In an interview with Joanna Penn of The Creative Penn podcast, Jenkins explained he does not co-write, saying "if my name is on [the book] … I wrote every word." For works credited with Chris Fabry, such as The Wormlings (2007–08) series, Jenkins functioned as the editor, and Fabry was the sole writer. Jenkins said co-writing a book "is a nightmare," but can be successful if the roles among the credited writers are settled beforehand. His collaboration with Billy Graham resulted in In His Own Words (2018), published by Tyndale House, for which Jenkins received sole writing credit.

== Gil Thorp ==
The Dallas O'Neil and The Baker Street Sports Club (1986) series, and its follow up, the Dallas O'Neil Mysteries (1988–89), prompted Gil Thorp creator Jack Berrill to open discussions with Jenkins on creating a line of young adult books about Gil Thorp and the athletes at the fictional Milford High School. The Gil Thorp series was never realized, but following Berrill's death in 1996, Jenkins was recruited by Tribune to continue to comic strip as its writer, with Rod Whigham as artist. During his tenure as writer, Jenkins introduced a number of controversial storylines, including a young shomer Shabbat joining the Milford football team.

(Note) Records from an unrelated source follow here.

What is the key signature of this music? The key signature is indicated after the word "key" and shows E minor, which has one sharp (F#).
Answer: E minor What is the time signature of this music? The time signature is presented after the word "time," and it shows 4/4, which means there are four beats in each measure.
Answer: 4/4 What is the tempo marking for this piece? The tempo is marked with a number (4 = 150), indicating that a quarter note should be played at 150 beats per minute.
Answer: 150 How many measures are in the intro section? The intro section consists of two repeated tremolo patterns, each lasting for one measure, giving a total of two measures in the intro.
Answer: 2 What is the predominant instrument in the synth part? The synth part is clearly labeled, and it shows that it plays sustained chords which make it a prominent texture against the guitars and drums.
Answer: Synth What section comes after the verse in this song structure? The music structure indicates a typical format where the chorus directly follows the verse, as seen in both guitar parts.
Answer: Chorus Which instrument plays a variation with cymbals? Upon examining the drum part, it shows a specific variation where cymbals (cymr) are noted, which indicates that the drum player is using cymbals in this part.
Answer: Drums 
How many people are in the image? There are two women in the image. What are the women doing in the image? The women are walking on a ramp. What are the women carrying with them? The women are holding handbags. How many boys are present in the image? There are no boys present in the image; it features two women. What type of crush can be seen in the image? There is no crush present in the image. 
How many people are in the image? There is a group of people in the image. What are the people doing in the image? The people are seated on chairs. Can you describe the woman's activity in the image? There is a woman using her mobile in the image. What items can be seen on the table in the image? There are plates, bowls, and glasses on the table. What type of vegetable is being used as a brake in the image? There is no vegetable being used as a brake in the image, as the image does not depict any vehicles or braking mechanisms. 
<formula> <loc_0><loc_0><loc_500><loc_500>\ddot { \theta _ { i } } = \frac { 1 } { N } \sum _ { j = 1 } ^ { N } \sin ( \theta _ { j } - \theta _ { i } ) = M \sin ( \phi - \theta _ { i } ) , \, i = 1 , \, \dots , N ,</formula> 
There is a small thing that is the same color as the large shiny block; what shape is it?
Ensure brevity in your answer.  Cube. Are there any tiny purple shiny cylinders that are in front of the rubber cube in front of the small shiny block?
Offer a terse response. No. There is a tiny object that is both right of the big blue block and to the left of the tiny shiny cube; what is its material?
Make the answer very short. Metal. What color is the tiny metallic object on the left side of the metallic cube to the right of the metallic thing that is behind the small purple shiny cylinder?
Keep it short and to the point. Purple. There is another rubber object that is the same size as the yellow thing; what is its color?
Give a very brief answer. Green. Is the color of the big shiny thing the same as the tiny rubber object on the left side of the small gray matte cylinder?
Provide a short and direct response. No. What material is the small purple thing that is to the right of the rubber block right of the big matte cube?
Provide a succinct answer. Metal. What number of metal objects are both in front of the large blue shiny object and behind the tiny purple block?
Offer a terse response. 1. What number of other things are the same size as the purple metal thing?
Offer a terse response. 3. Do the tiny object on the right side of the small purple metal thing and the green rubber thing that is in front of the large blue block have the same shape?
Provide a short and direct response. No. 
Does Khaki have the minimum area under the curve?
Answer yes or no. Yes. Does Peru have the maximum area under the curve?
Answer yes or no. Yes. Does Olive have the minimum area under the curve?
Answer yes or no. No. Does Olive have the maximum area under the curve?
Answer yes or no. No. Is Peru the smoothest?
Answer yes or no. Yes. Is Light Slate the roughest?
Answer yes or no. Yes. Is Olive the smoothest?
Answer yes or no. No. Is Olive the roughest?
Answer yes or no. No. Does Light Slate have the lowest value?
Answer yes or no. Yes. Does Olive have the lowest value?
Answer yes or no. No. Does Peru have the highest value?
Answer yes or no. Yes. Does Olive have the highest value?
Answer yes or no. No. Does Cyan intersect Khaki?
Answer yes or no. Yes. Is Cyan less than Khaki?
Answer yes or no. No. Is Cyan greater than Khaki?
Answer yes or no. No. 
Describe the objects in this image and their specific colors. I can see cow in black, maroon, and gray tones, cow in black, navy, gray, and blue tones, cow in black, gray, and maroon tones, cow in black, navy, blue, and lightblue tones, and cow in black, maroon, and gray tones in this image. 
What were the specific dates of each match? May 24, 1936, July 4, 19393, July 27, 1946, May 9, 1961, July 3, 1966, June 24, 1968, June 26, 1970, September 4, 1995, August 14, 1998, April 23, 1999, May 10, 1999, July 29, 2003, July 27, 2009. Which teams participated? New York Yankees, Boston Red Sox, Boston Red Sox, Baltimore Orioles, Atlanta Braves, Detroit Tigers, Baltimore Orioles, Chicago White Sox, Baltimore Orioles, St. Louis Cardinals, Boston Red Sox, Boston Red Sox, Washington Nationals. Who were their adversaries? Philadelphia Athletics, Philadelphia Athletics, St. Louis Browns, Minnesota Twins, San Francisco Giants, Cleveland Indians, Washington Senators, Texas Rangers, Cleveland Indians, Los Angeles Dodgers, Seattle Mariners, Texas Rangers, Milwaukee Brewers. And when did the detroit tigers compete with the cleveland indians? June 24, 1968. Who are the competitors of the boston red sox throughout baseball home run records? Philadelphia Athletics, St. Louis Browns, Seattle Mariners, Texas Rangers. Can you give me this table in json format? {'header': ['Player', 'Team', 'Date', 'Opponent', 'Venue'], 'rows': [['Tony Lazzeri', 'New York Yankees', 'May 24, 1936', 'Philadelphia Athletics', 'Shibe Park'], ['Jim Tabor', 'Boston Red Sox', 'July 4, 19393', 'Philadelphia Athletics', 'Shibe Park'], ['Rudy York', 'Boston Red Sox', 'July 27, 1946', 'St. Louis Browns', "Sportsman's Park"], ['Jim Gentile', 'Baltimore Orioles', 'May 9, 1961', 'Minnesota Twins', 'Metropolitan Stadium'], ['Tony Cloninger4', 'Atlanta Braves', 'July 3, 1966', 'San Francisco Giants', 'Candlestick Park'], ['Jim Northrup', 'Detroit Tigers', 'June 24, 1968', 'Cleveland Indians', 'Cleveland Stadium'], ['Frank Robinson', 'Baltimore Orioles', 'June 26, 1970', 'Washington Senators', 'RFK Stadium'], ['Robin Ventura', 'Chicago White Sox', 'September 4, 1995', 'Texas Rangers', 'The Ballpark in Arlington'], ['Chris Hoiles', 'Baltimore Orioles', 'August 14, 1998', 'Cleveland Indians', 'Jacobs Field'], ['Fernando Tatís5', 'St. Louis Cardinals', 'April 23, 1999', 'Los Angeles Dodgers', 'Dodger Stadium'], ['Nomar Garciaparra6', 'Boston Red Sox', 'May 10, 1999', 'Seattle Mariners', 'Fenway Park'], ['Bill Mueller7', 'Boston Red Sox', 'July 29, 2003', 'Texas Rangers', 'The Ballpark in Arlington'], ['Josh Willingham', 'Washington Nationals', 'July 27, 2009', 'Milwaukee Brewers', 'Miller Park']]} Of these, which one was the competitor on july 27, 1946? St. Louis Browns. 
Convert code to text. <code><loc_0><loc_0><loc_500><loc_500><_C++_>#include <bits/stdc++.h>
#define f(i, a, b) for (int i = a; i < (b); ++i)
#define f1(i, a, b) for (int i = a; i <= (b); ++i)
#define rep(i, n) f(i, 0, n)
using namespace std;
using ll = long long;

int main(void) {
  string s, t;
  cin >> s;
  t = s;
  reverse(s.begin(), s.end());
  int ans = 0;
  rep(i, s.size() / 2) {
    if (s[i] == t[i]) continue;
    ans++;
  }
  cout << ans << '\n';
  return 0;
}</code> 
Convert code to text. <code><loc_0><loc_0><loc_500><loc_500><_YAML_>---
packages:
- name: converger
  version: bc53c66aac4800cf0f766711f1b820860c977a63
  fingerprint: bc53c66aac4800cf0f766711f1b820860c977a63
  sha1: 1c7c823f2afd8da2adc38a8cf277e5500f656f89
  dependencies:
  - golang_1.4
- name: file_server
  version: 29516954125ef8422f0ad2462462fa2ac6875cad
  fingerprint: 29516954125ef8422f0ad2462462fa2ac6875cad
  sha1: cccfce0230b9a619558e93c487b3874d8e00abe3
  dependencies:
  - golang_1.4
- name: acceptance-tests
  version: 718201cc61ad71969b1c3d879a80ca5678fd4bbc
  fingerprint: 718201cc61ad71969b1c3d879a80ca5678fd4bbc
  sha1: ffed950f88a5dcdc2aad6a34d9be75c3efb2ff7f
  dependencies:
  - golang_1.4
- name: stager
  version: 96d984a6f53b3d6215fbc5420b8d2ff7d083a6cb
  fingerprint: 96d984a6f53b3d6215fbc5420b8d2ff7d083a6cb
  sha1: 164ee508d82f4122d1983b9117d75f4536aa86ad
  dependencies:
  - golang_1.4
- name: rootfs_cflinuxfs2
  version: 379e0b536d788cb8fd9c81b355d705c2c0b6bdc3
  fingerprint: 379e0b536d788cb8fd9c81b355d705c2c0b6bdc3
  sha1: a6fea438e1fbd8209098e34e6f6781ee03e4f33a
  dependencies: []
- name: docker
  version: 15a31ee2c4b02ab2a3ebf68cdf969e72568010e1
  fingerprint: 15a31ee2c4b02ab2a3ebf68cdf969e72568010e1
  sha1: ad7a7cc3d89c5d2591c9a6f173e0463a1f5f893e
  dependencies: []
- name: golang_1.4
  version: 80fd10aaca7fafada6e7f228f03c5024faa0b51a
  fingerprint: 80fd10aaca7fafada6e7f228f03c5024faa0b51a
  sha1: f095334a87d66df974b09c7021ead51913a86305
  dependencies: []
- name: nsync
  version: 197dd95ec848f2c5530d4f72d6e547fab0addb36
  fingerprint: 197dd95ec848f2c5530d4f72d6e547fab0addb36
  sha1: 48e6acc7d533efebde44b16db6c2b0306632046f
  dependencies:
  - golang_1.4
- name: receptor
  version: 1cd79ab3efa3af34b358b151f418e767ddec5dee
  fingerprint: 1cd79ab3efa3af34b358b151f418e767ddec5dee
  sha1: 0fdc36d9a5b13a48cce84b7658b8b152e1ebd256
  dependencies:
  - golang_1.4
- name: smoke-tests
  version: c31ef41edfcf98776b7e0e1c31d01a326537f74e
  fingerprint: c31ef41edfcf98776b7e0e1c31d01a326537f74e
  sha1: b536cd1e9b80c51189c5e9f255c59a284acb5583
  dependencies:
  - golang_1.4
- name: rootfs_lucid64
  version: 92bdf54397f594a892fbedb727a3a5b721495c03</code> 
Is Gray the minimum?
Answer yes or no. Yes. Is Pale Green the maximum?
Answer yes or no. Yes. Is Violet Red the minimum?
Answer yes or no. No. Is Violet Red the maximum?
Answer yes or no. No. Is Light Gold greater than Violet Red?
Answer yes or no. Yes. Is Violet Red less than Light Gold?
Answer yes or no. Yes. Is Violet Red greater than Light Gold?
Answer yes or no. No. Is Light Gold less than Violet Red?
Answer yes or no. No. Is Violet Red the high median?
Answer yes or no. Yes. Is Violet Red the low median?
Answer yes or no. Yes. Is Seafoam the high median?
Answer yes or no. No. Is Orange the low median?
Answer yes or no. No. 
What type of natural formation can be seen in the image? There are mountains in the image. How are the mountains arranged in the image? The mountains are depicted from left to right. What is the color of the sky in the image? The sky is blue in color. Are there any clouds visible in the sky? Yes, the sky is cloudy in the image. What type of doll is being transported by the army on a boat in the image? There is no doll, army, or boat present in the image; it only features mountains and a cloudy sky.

Jenkins's sons, Chad and Dallas, contributed to Gil Thorp by developing scenarios for their father to write. According to the Chicago Reader, Chad Jenkins wrote the strip from 2001 to 2004 without credit, which both Jenkins and his son say is not true. Chad served as a story consultant.

== Christian Writers Guild ==
In 1965, Norman Rohrer established the Christian Writers Guild (CWG). Rohrer offered a 48-part correspondence course intended to teach the craft of writing, as well as history and theology Rohrer believed were necessary to improve the quality of fiction and non-fiction writing intended for the Christian market. In 2001, Jenkins purchased the CWG, and Rohrer remained on staff as "Dean of Instruction". CWG transitioned from mail-based delivery, to an online platform. Jenkins recruited many of his friends and fellow writers to function as mentors to CWG members, and to expand the guild's offerings. In 2013, Jenkins developed the Christian Writers Guild Press intended to publish original works by CWG members. Jenkins was criticized for creating a "vanity press", despite lambasting such publishing schemes in the past and closed the operation before contracting with any writers.

According to literary agent Chip MacGregor, of MacGregor & Luedeke, Jenkins "was ready to return to his primary occupation and calling, that of full-time writing" by early-2014. Jenkins dissolved CWG in late-2014, which resulted in heavy criticism of both Jenkins and the CWG. Dennis E. Hensley told Christianity Today that Jenkins and the CWG had offered a "great service to developing writers." CWG's staff and mission were absorbed into a new organization called BelieversTrust, which operated until 2016.

Since 2016, Jenkins has taught an online writing course via his own platform, Jerry Jenkins Writers Guild.

== Left Behind ==

Jenkins and co-author LaHaye of the Left Behind series were profiled in a May 24, 2004 cover story in Newsweek magazine entitled "The New Prophets of Revelation". LaHaye, who conceived the series, handled the theological underpinnings of his end-of-the-world series, while Jenkins handled the writing. The Left Behind series includes 16 books which have sold over 63 million copies worldwide.

Jenkins has said, "I write the best I can. I know I'm never going to be revered as some classic writer. I don't claim to be C. S. Lewis. The literary-type writers, I admire them. I wish I was smart enough to write a book that's hard to read, you know?"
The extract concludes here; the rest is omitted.